**Work instruction**
Please copy the listing that follows exactly, leaving out any pictures.

**Exercise data**

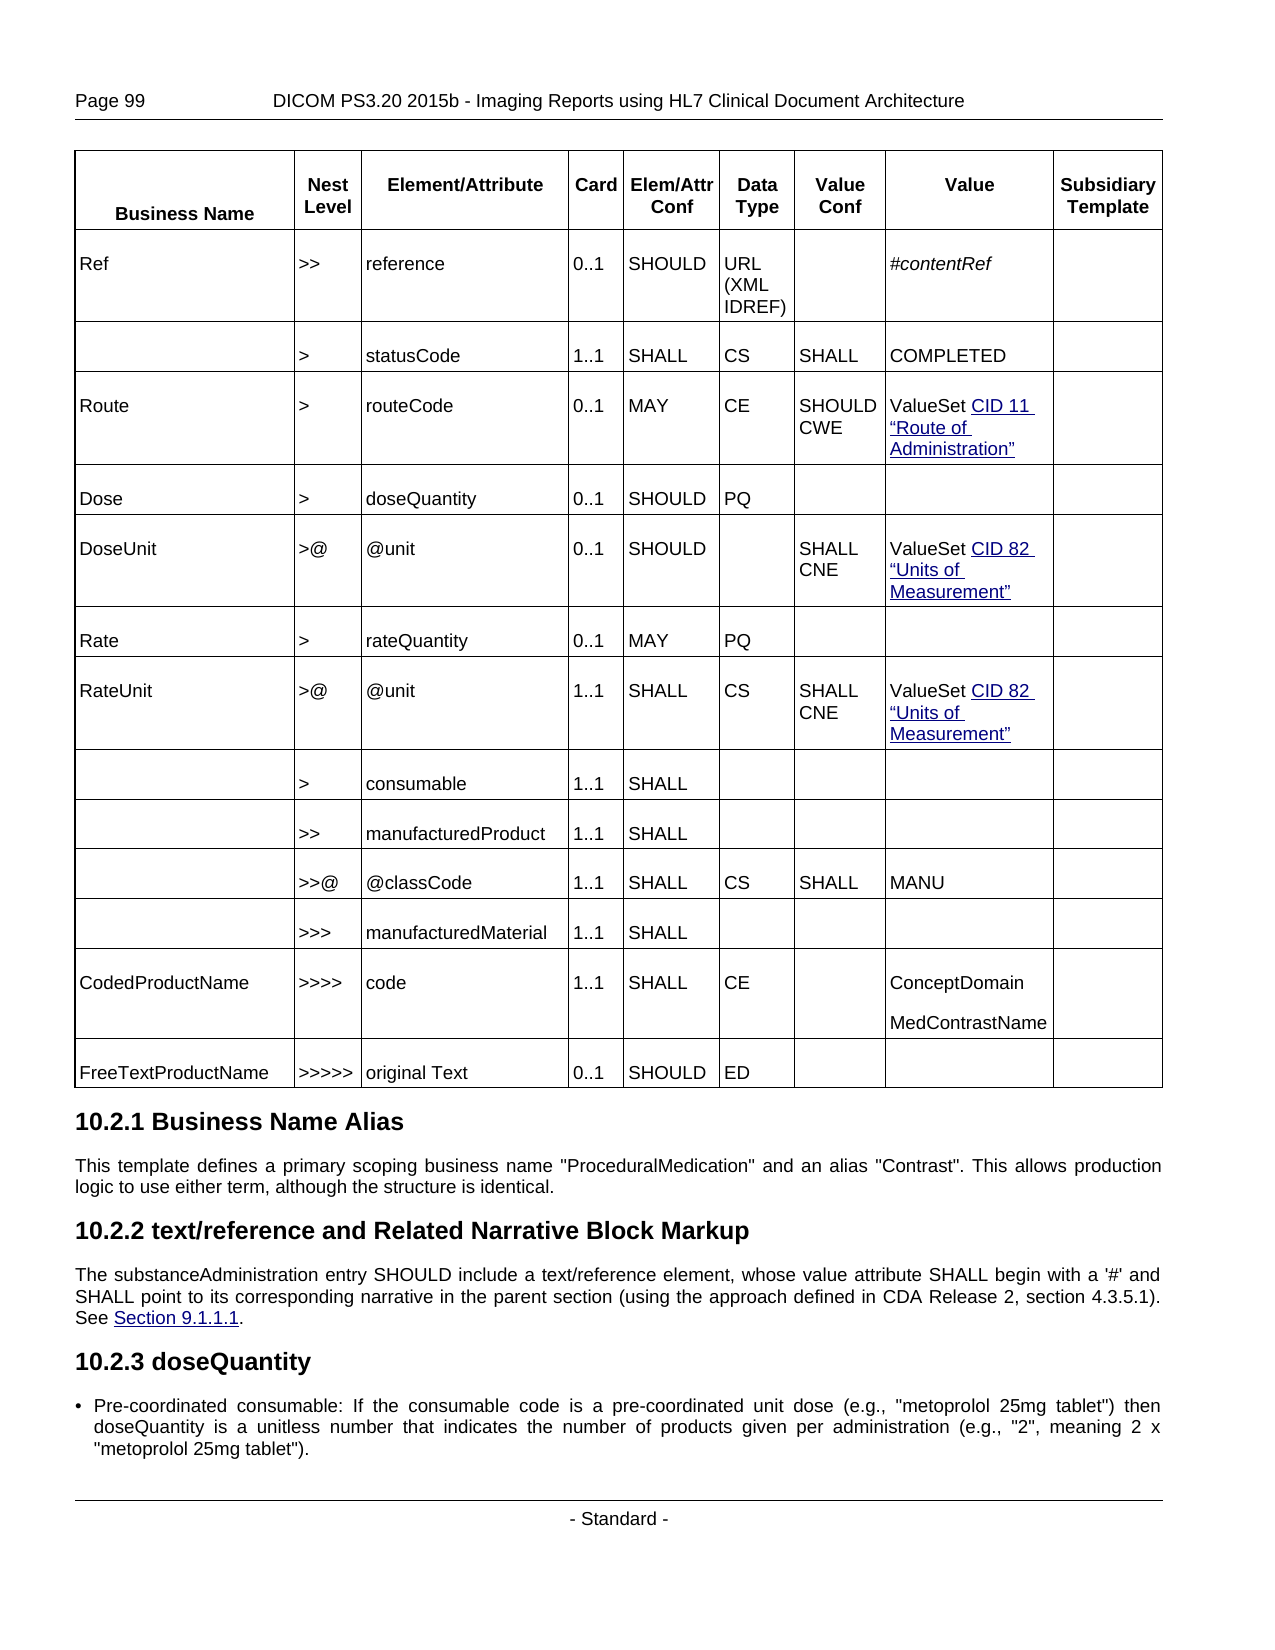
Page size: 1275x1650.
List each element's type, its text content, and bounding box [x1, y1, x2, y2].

table_cell 0..1 [569, 230, 623, 321]
table_cell code [362, 949, 568, 1037]
table_cell >> [295, 800, 361, 848]
table_cell #contentRef [886, 230, 1053, 321]
table_cell original Text [362, 1039, 568, 1087]
table_cell [1054, 849, 1162, 898]
table_cell [1054, 949, 1162, 1037]
table_cell SHALL [795, 849, 885, 898]
table_cell [886, 1039, 1053, 1087]
table_header Nest Level [295, 151, 361, 228]
table_cell [1054, 607, 1162, 656]
table_cell [795, 750, 885, 798]
table_cell 0..1 [569, 372, 623, 464]
text The substanceAdministration entry SHOULD include a text/reference element, whose value attribute SHALL begin with a '#' and SHALL point to its corresponding narrative in the parent section (using the approach defined in CDA Release 2, section 4.3.5.1). See Section 9.1.1.1. [75, 1264, 1162, 1328]
table_cell 1..1 [569, 949, 623, 1037]
table_cell route​Code [362, 372, 568, 464]
table_cell [795, 949, 885, 1037]
table_cell SHOULD CWE [795, 372, 885, 464]
table_cell ValueSet CID 82 “Units of Measurement” [886, 657, 1053, 749]
table_header Subsidiary Template [1054, 151, 1162, 228]
table_cell Rate​Unit [76, 657, 294, 749]
table_cell [76, 800, 294, 848]
table_cell [1054, 515, 1162, 606]
table_cell SHALL [624, 899, 719, 947]
table_cell CS [720, 322, 794, 371]
table_cell [720, 899, 794, 947]
table_cell CE [720, 949, 794, 1037]
table_cell 1..1 [569, 750, 623, 798]
table_cell >@ [295, 657, 361, 749]
table_cell [795, 1039, 885, 1087]
table_cell SHALL [624, 949, 719, 1037]
table_cell [886, 899, 1053, 947]
table_cell manufactured​Material [362, 899, 568, 947]
table_cell [795, 230, 885, 321]
table_cell [720, 750, 794, 798]
table_cell >> [295, 230, 361, 321]
table_cell > [295, 607, 361, 656]
table_cell > [295, 372, 361, 464]
table_cell 1..1 [569, 657, 623, 749]
table_cell SHALL [624, 800, 719, 848]
table_cell Dose​Unit [76, 515, 294, 606]
table_cell [1054, 657, 1162, 749]
table_cell PQ [720, 607, 794, 656]
table_cell SHALL [795, 322, 885, 371]
table_cell 0..1 [569, 1039, 623, 1087]
table_cell [1054, 1039, 1162, 1087]
table_cell [795, 607, 885, 656]
table_cell CS [720, 657, 794, 749]
table_cell SHOULD [624, 515, 719, 606]
table_cell [720, 800, 794, 848]
table_cell >>> [295, 899, 361, 947]
table_cell Dose [76, 465, 294, 513]
table_cell > [295, 750, 361, 798]
table_header Card [569, 151, 623, 228]
table_cell SHOULD [624, 465, 719, 513]
table_cell [1054, 372, 1162, 464]
table_cell >>>> [295, 949, 361, 1037]
table_cell [886, 607, 1053, 656]
table_header Value Conf [795, 151, 885, 228]
text 10.2.3 doseQuantity [75, 1347, 1162, 1376]
table_cell dose​Quantity [362, 465, 568, 513]
table_cell PQ [720, 465, 794, 513]
table_cell [1054, 465, 1162, 513]
list Pre-coordinated consumable: If the consumable code is a pre-coordinated unit dose (e.g., "metoprolol 25mg tablet") then doseQuantity is a unitless number that indicates the number of products given per administration (e.g., "2", meaning 2 x "metoprolol 25mg tablet"). [75, 1395, 1162, 1459]
table_cell ValueSet CID 11 “Route of Administration” [886, 372, 1053, 464]
table_cell Route [76, 372, 294, 464]
table_cell Coded​Product​Name [76, 949, 294, 1037]
table_cell 0..1 [569, 607, 623, 656]
table_cell [1054, 322, 1162, 371]
table_cell Ref [76, 230, 294, 321]
table_cell Concept​Domain Med​Contrast​Name [886, 949, 1053, 1037]
table_cell [720, 515, 794, 606]
table_cell [1054, 230, 1162, 321]
table_cell [886, 465, 1053, 513]
table_header Value [886, 151, 1053, 228]
table_cell status​Code [362, 322, 568, 371]
table_cell [1054, 899, 1162, 947]
table_cell @classCode [362, 849, 568, 898]
text 10.2.2 text/reference and Related Narrative Block Markup [75, 1216, 1162, 1245]
table_cell > [295, 465, 361, 513]
table_cell ValueSet CID 82 “Units of Measurement” [886, 515, 1053, 606]
table_cell MAY [624, 372, 719, 464]
table_cell SHALL [624, 322, 719, 371]
table_cell reference [362, 230, 568, 321]
table_header Elem/Attr Conf [624, 151, 719, 228]
table_cell Free​Text​Product​Name [76, 1039, 294, 1087]
table_cell URL (XML IDREF) [720, 230, 794, 321]
table_cell [1054, 800, 1162, 848]
table_cell [886, 800, 1053, 848]
table_cell CE [720, 372, 794, 464]
table_cell >@ [295, 515, 361, 606]
table_cell SHALL CNE [795, 515, 885, 606]
table_cell [76, 322, 294, 371]
table_cell manufactured​Product [362, 800, 568, 848]
table_cell @unit [362, 515, 568, 606]
table_cell rate​Quantity [362, 607, 568, 656]
table_cell SHALL [624, 849, 719, 898]
table_header Business Name [76, 151, 294, 228]
table_cell COMPLETED [886, 322, 1053, 371]
table_cell SHOULD [624, 1039, 719, 1087]
table_cell [76, 750, 294, 798]
table_cell 0..1 [569, 515, 623, 606]
table_cell SHALL [624, 657, 719, 749]
table_cell [76, 899, 294, 947]
table_cell [795, 465, 885, 513]
table_cell > [295, 322, 361, 371]
text This template defines a primary scoping business name "ProceduralMedication" and an alias "Contrast". This allows production logic to use either term, although the structure is identical. [75, 1154, 1162, 1198]
table_cell [886, 750, 1053, 798]
table_cell 0..1 [569, 465, 623, 513]
table_cell SHOULD [624, 230, 719, 321]
table_cell 1..1 [569, 322, 623, 371]
table_header Data Type [720, 151, 794, 228]
table_cell @unit [362, 657, 568, 749]
table_cell [76, 849, 294, 898]
table_cell MAY [624, 607, 719, 656]
table_cell Rate [76, 607, 294, 656]
table_cell MANU [886, 849, 1053, 898]
table_cell ED [720, 1039, 794, 1087]
table_cell >>>>> [295, 1039, 361, 1087]
table_cell [795, 899, 885, 947]
table_cell CS [720, 849, 794, 898]
table_cell >>@ [295, 849, 361, 898]
table_header Element/​Attribute [362, 151, 568, 228]
table_cell [795, 800, 885, 848]
table_cell [1054, 750, 1162, 798]
table_cell SHALL CNE [795, 657, 885, 749]
table_cell 1..1 [569, 899, 623, 947]
table_cell 1..1 [569, 800, 623, 848]
text 10.2.1 Business Name Alias [75, 1107, 1162, 1136]
table_cell 1..1 [569, 849, 623, 898]
table_cell consumable [362, 750, 568, 798]
table_cell SHALL [624, 750, 719, 798]

**Solution to this task**
Page size: 1275x1650.
List each element's type, its text content, and bounding box [x1, y1, x2, y2].

table_cell 0..1 [569, 230, 623, 321]
table_cell code [362, 949, 568, 1037]
table_cell >> [295, 800, 361, 848]
table_cell #contentRef [886, 230, 1053, 321]
table_cell original Text [362, 1039, 568, 1087]
table_cell [1054, 849, 1162, 898]
table_cell [1054, 949, 1162, 1037]
table_cell SHALL [795, 849, 885, 898]
table_cell [886, 1039, 1053, 1087]
table_header Nest Level [295, 151, 361, 228]
table_cell [1054, 607, 1162, 656]
table_cell [795, 750, 885, 798]
table_cell 0..1 [569, 372, 623, 464]
text The substanceAdministration entry SHOULD include a text/reference element, whose value attribute SHALL begin with a '#' and SHALL point to its corresponding narrative in the parent section (using the approach defined in CDA Release 2, section 4.3.5.1). See Section 9.1.1.1. [75, 1264, 1162, 1328]
table_cell 1..1 [569, 949, 623, 1037]
table_cell route​Code [362, 372, 568, 464]
table_cell [795, 949, 885, 1037]
table_cell SHOULD CWE [795, 372, 885, 464]
table_cell ValueSet CID 82 “Units of Measurement” [886, 657, 1053, 749]
table_header Subsidiary Template [1054, 151, 1162, 228]
table_cell Rate​Unit [76, 657, 294, 749]
table_cell [76, 800, 294, 848]
table_cell [1054, 515, 1162, 606]
table_cell SHALL [624, 899, 719, 947]
table_cell CS [720, 322, 794, 371]
table_cell [720, 899, 794, 947]
table_cell CE [720, 949, 794, 1037]
table_cell 1..1 [569, 750, 623, 798]
table_cell >@ [295, 657, 361, 749]
table_cell [795, 1039, 885, 1087]
table_cell SHALL [624, 949, 719, 1037]
table_cell [886, 899, 1053, 947]
table_cell manufactured​Material [362, 899, 568, 947]
table_cell [795, 230, 885, 321]
table_cell [720, 750, 794, 798]
table_cell >> [295, 230, 361, 321]
table_cell > [295, 607, 361, 656]
table_cell > [295, 372, 361, 464]
table_cell 1..1 [569, 657, 623, 749]
table_cell SHALL [624, 800, 719, 848]
table_cell Dose​Unit [76, 515, 294, 606]
table_cell [1054, 657, 1162, 749]
table_cell PQ [720, 607, 794, 656]
table_cell SHALL [795, 322, 885, 371]
table_cell 0..1 [569, 1039, 623, 1087]
table_cell [1054, 1039, 1162, 1087]
table_cell [795, 607, 885, 656]
table_cell CS [720, 657, 794, 749]
table_cell SHOULD [624, 515, 719, 606]
table_cell [720, 800, 794, 848]
table_cell >>> [295, 899, 361, 947]
table_cell Dose [76, 465, 294, 513]
table_cell > [295, 750, 361, 798]
table_header Card [569, 151, 623, 228]
table_cell SHOULD [624, 465, 719, 513]
table_cell [1054, 372, 1162, 464]
table_cell >>>> [295, 949, 361, 1037]
table_cell [886, 607, 1053, 656]
table_header Value Conf [795, 151, 885, 228]
text 10.2.3 doseQuantity [75, 1347, 1162, 1376]
table_cell dose​Quantity [362, 465, 568, 513]
table_cell PQ [720, 465, 794, 513]
table_cell [1054, 465, 1162, 513]
list Pre-coordinated consumable: If the consumable code is a pre-coordinated unit dose (e.g., "metoprolol 25mg tablet") then doseQuantity is a unitless number that indicates the number of products given per administration (e.g., "2", meaning 2 x "metoprolol 25mg tablet"). [75, 1395, 1162, 1459]
table_cell ValueSet CID 11 “Route of Administration” [886, 372, 1053, 464]
table_cell Route [76, 372, 294, 464]
table_cell Coded​Product​Name [76, 949, 294, 1037]
table_cell 0..1 [569, 607, 623, 656]
table_cell [1054, 322, 1162, 371]
table_cell Ref [76, 230, 294, 321]
table_cell Concept​Domain Med​Contrast​Name [886, 949, 1053, 1037]
table_cell [720, 515, 794, 606]
table_cell [1054, 230, 1162, 321]
table_cell [886, 465, 1053, 513]
table_header Value [886, 151, 1053, 228]
table_cell status​Code [362, 322, 568, 371]
table_cell [1054, 899, 1162, 947]
table_cell @classCode [362, 849, 568, 898]
text 10.2.2 text/reference and Related Narrative Block Markup [75, 1216, 1162, 1245]
table_cell > [295, 465, 361, 513]
table_cell ValueSet CID 82 “Units of Measurement” [886, 515, 1053, 606]
table_cell MAY [624, 372, 719, 464]
table_cell SHALL [624, 322, 719, 371]
table_cell reference [362, 230, 568, 321]
table_header Elem/Attr Conf [624, 151, 719, 228]
table_cell Free​Text​Product​Name [76, 1039, 294, 1087]
table_cell URL (XML IDREF) [720, 230, 794, 321]
table_cell [1054, 800, 1162, 848]
table_cell [886, 800, 1053, 848]
table_cell CE [720, 372, 794, 464]
table_cell >@ [295, 515, 361, 606]
table_cell SHALL CNE [795, 515, 885, 606]
table_cell [76, 322, 294, 371]
table_cell manufactured​Product [362, 800, 568, 848]
table_cell @unit [362, 515, 568, 606]
table_cell rate​Quantity [362, 607, 568, 656]
table_cell SHALL [624, 849, 719, 898]
table_header Business Name [76, 151, 294, 228]
table_cell COMPLETED [886, 322, 1053, 371]
table_cell SHOULD [624, 1039, 719, 1087]
table_cell [76, 750, 294, 798]
table_cell 0..1 [569, 515, 623, 606]
table_cell SHALL [624, 657, 719, 749]
table_cell [76, 899, 294, 947]
table_cell [795, 465, 885, 513]
table_cell > [295, 322, 361, 371]
text This template defines a primary scoping business name "ProceduralMedication" and an alias "Contrast". This allows production logic to use either term, although the structure is identical. [75, 1154, 1162, 1198]
table_cell [886, 750, 1053, 798]
table_cell 0..1 [569, 465, 623, 513]
table_cell SHOULD [624, 230, 719, 321]
table_cell 1..1 [569, 322, 623, 371]
table_header Data Type [720, 151, 794, 228]
table_cell @unit [362, 657, 568, 749]
table_cell [76, 849, 294, 898]
table_cell MAY [624, 607, 719, 656]
table_cell Rate [76, 607, 294, 656]
table_cell MANU [886, 849, 1053, 898]
table_cell ED [720, 1039, 794, 1087]
table_cell >>>>> [295, 1039, 361, 1087]
table_cell [795, 899, 885, 947]
table_cell CS [720, 849, 794, 898]
table_cell >>@ [295, 849, 361, 898]
table_header Element/​Attribute [362, 151, 568, 228]
table_cell [795, 800, 885, 848]
table_cell [1054, 750, 1162, 798]
table_cell SHALL CNE [795, 657, 885, 749]
table_cell 1..1 [569, 899, 623, 947]
table_cell 1..1 [569, 800, 623, 848]
text 10.2.1 Business Name Alias [75, 1107, 1162, 1136]
table_cell 1..1 [569, 849, 623, 898]
table_cell consumable [362, 750, 568, 798]
table_cell SHALL [624, 750, 719, 798]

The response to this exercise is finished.